TASK TO CARRY OUT »
The lines from the one containing "text [3] Opis" through the end of the entries are what to output; reproduce them exactly and add nothing.

SOURCE DATA below:

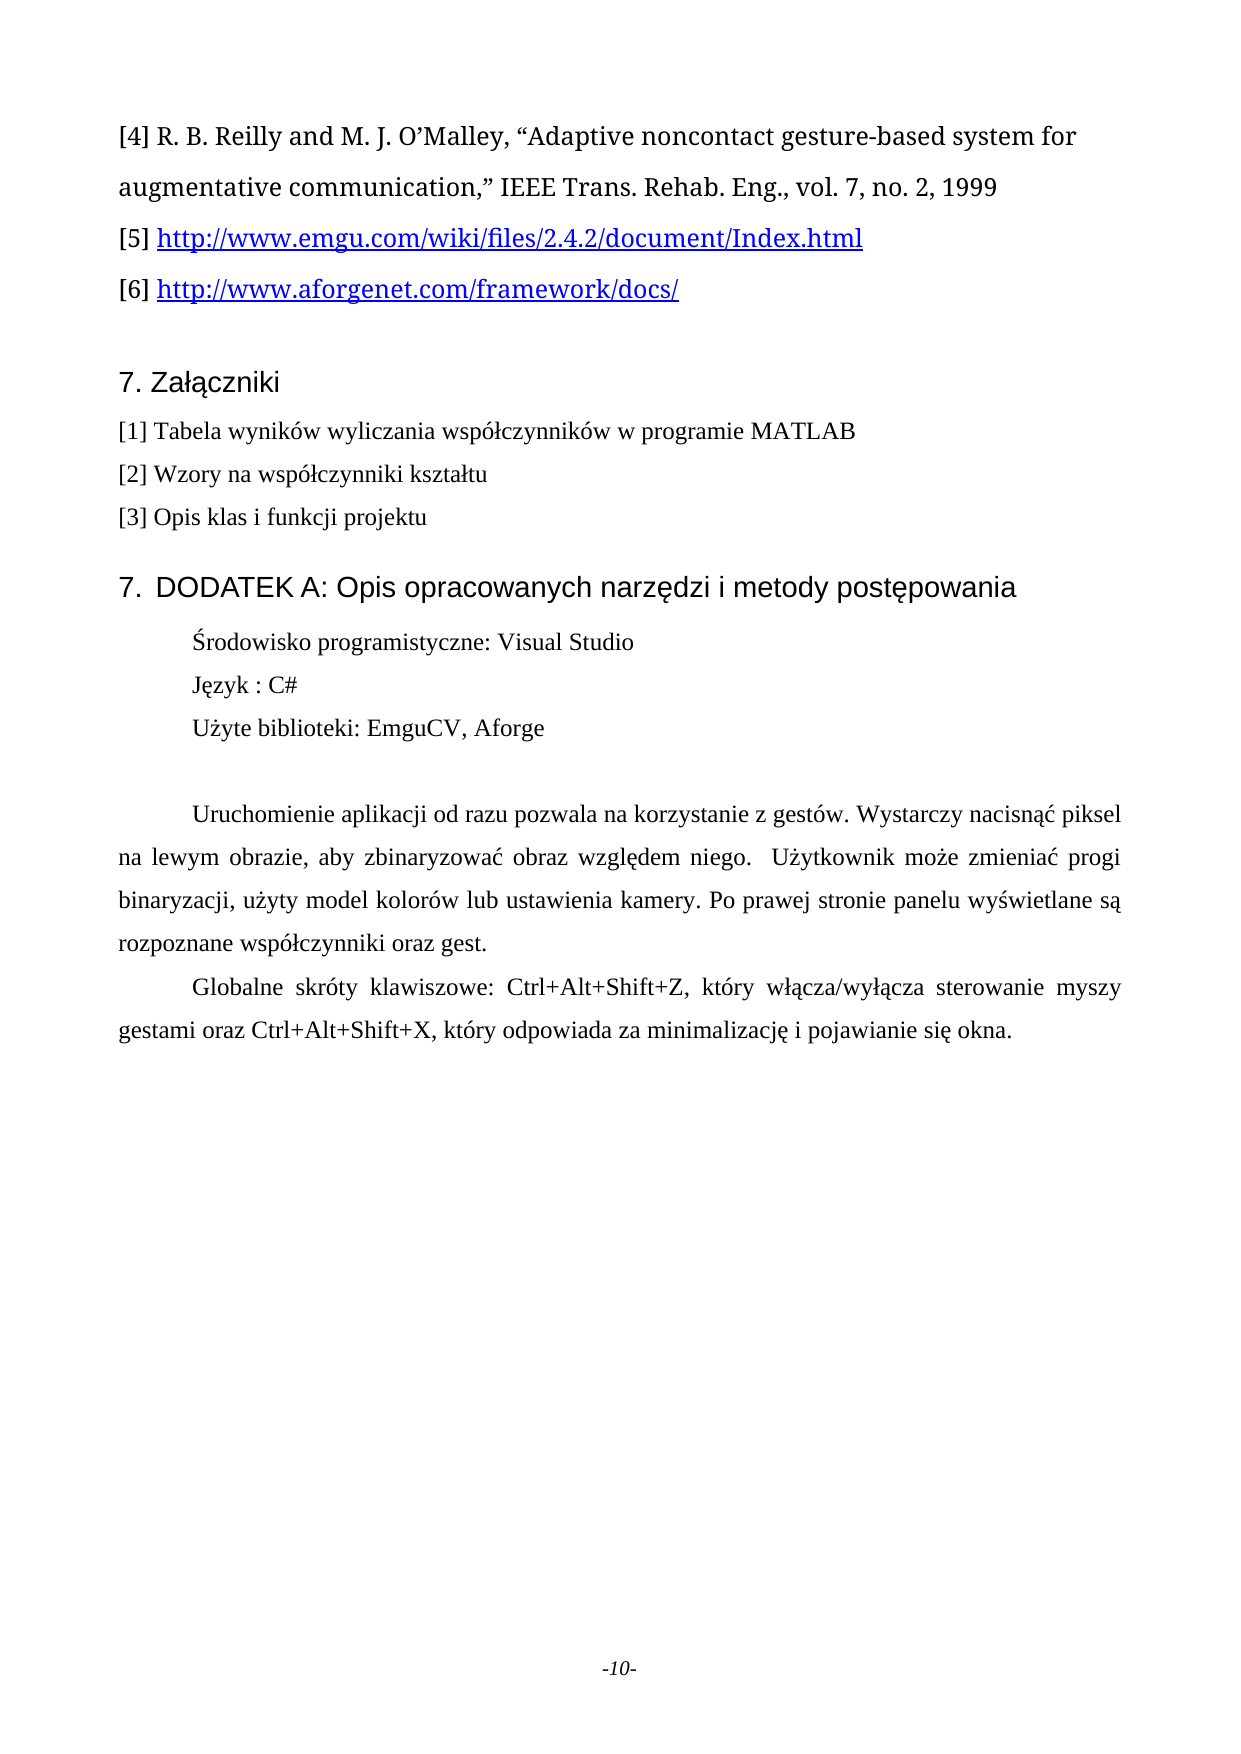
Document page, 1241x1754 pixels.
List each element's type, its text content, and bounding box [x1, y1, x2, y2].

text [6] http://www.aforgenet.com/framework/docs/ [118, 271, 1122, 305]
text [3] Opis klas i funkcji projektu [118, 502, 1122, 531]
text 7. Załączniki [118, 365, 1122, 399]
text [4] R. B. Reilly and M. J. O’Malley, “Adaptive noncontact gesture-based system for augmentative communication,” IEEE Trans. Rehab. Eng., vol. 7, no. 2, 1999 [118, 118, 1122, 203]
text Środowisko programistyczne: Visual Studio [118, 627, 1122, 655]
text [1] Tabela wyników wyliczania współczynników w programie MATLAB [118, 416, 1122, 444]
text [5] http://www.emgu.com/wiki/files/2.4.2/document/Index.html [118, 220, 1122, 254]
subtitle DODATEK A: Opis opracowanych narzędzi i metody postępowania [118, 570, 1122, 604]
text Język : C# [118, 670, 1122, 698]
text Użyte biblioteki: EmguCV, Aforge [118, 713, 1122, 742]
text [2] Wzory na współczynniki kształtu [118, 459, 1122, 488]
text Uruchomienie aplikacji od razu pozwala na korzystanie z gestów. Wystarczy nacisnąć piksel na lewym obrazie, aby zbinaryzować obraz względem niego. Użytkownik może zmieniać progi binaryzacji, użyty model kolorów lub ustawienia kamery. Po prawej stronie panelu wyświetlane są rozpoznane współczynniki oraz gest. [118, 799, 1122, 957]
text Globalne skróty klawiszowe: Ctrl+Alt+Shift+Z, który włącza/wyłącza sterowanie myszy gestami oraz Ctrl+Alt+Shift+X, który odpowiada za minimalizację i pojawianie się okna. [118, 972, 1122, 1043]

End of SOURCE DATA.

SOLUTION BELOW »
text [3] Opis klas i funkcji projektu [118, 502, 1122, 531]
text 7. Załączniki [118, 365, 1122, 399]
text [4] R. B. Reilly and M. J. O’Malley, “Adaptive noncontact gesture-based system for augmentative communication,” IEEE Trans. Rehab. Eng., vol. 7, no. 2, 1999 [118, 118, 1122, 203]
text Środowisko programistyczne: Visual Studio [118, 627, 1122, 655]
text [1] Tabela wyników wyliczania współczynników w programie MATLAB [118, 416, 1122, 444]
text [5] http://www.emgu.com/wiki/files/2.4.2/document/Index.html [118, 220, 1122, 254]
subtitle DODATEK A: Opis opracowanych narzędzi i metody postępowania [118, 570, 1122, 604]
text Język : C# [118, 670, 1122, 698]
text Użyte biblioteki: EmguCV, Aforge [118, 713, 1122, 742]
text [2] Wzory na współczynniki kształtu [118, 459, 1122, 488]
text Uruchomienie aplikacji od razu pozwala na korzystanie z gestów. Wystarczy nacisnąć piksel na lewym obrazie, aby zbinaryzować obraz względem niego. Użytkownik może zmieniać progi binaryzacji, użyty model kolorów lub ustawienia kamery. Po prawej stronie panelu wyświetlane są rozpoznane współczynniki oraz gest. [118, 799, 1122, 957]
text Globalne skróty klawiszowe: Ctrl+Alt+Shift+Z, który włącza/wyłącza sterowanie myszy gestami oraz Ctrl+Alt+Shift+X, który odpowiada za minimalizację i pojawianie się okna. [118, 972, 1122, 1043]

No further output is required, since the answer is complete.